**Excerpted data**
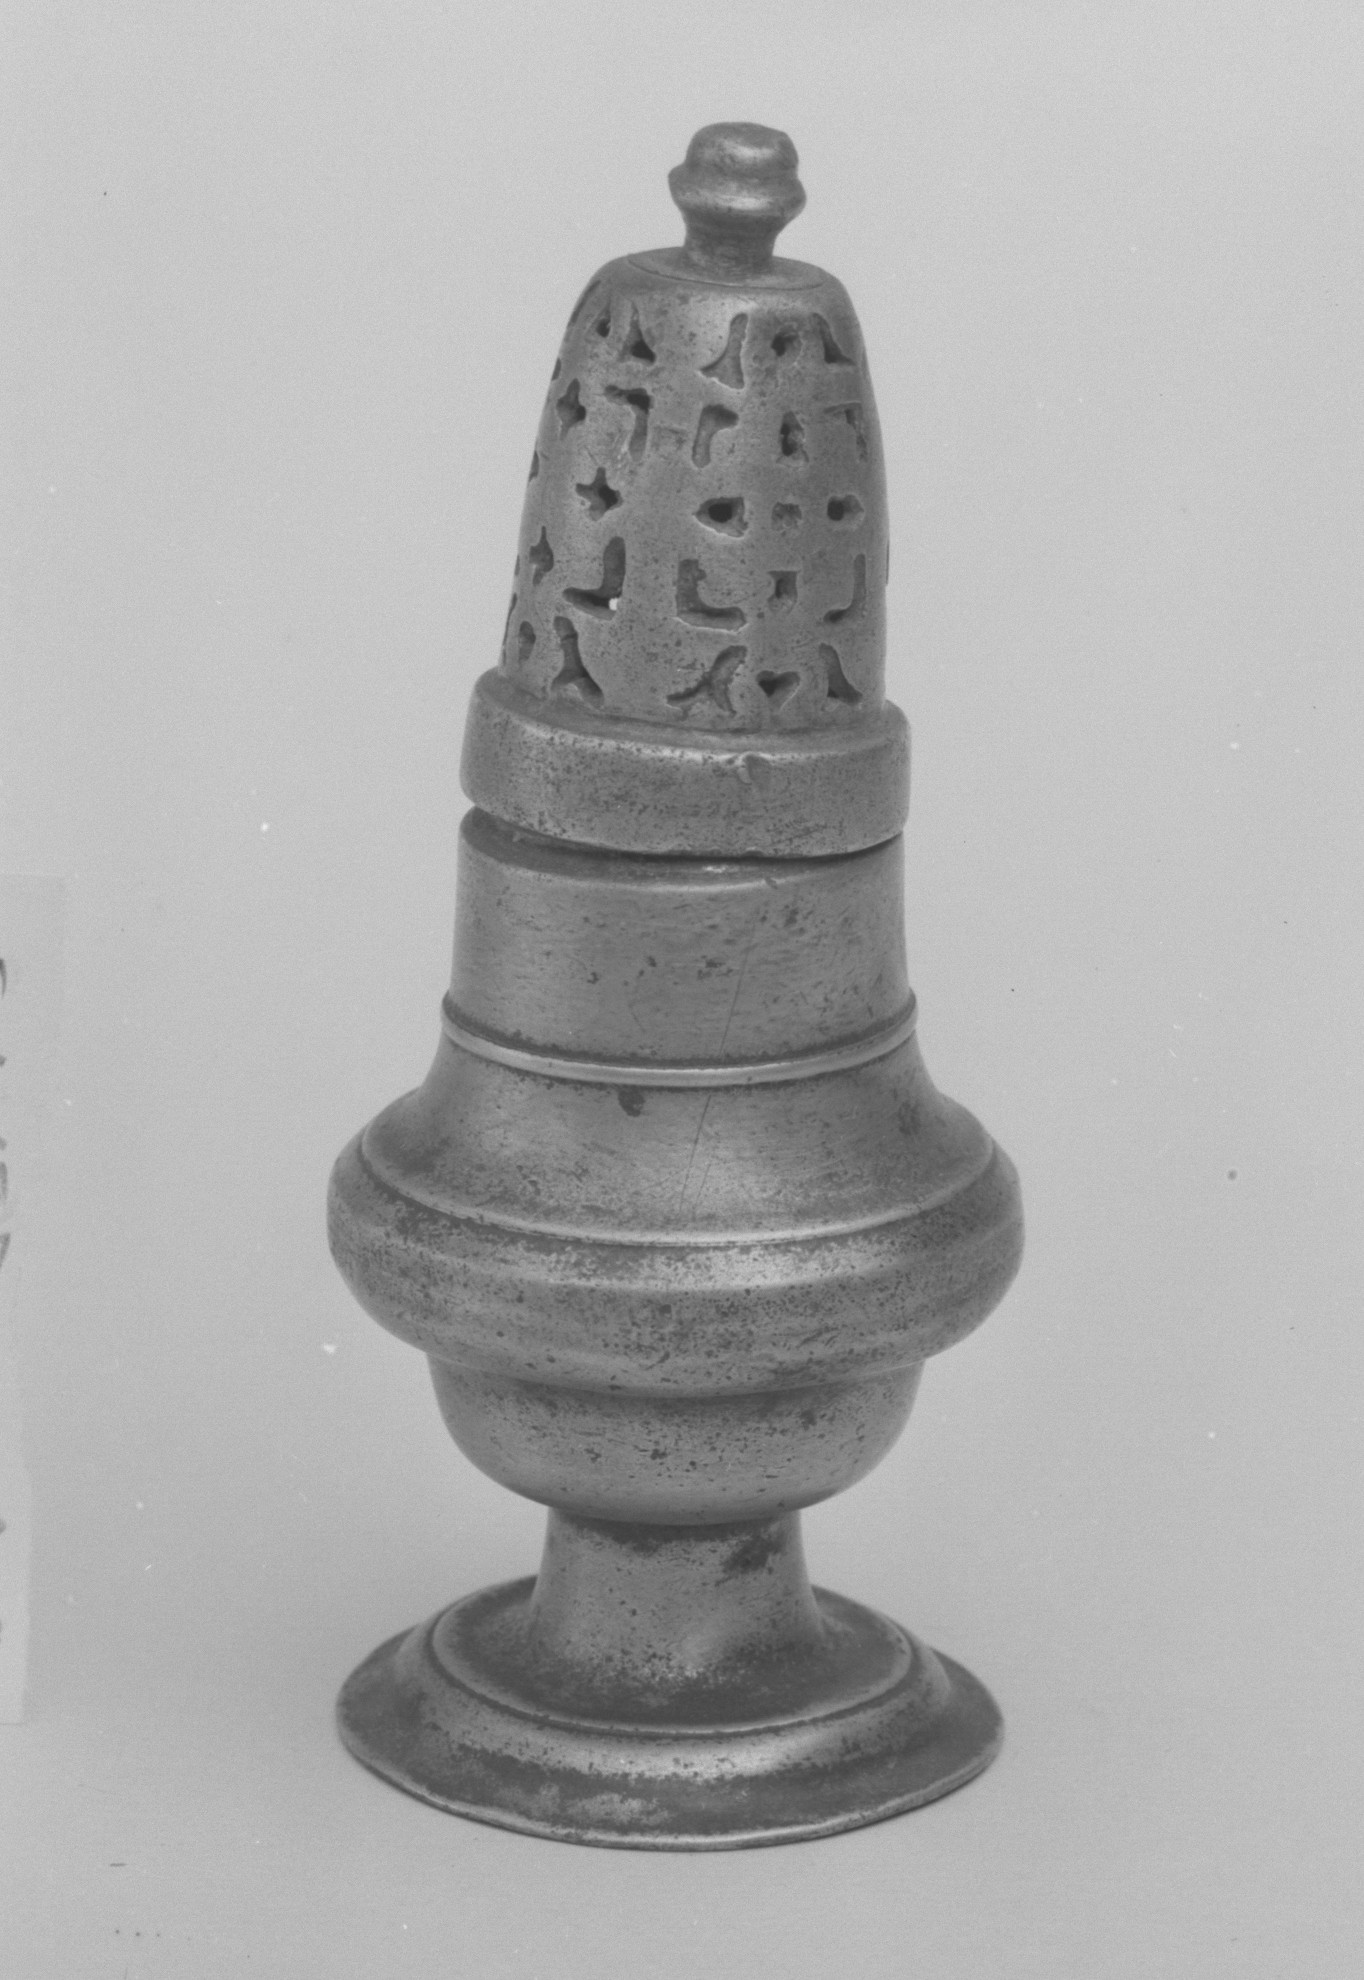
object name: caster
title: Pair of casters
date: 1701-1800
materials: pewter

---

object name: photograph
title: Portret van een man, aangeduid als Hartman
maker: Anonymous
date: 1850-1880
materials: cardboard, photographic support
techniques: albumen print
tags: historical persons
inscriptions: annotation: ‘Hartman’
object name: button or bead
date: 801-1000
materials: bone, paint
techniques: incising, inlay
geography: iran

**Task statement**
Look back at the entries above and repeat, unchanged, every line from the line holding "tags: historical persons" through the line holding "geography: iran".

**Reply to the task**
tags: historical persons
inscriptions: annotation: ‘Hartman’
object name: button or bead
date: 801-1000
materials: bone, paint
techniques: incising, inlay
geography: iran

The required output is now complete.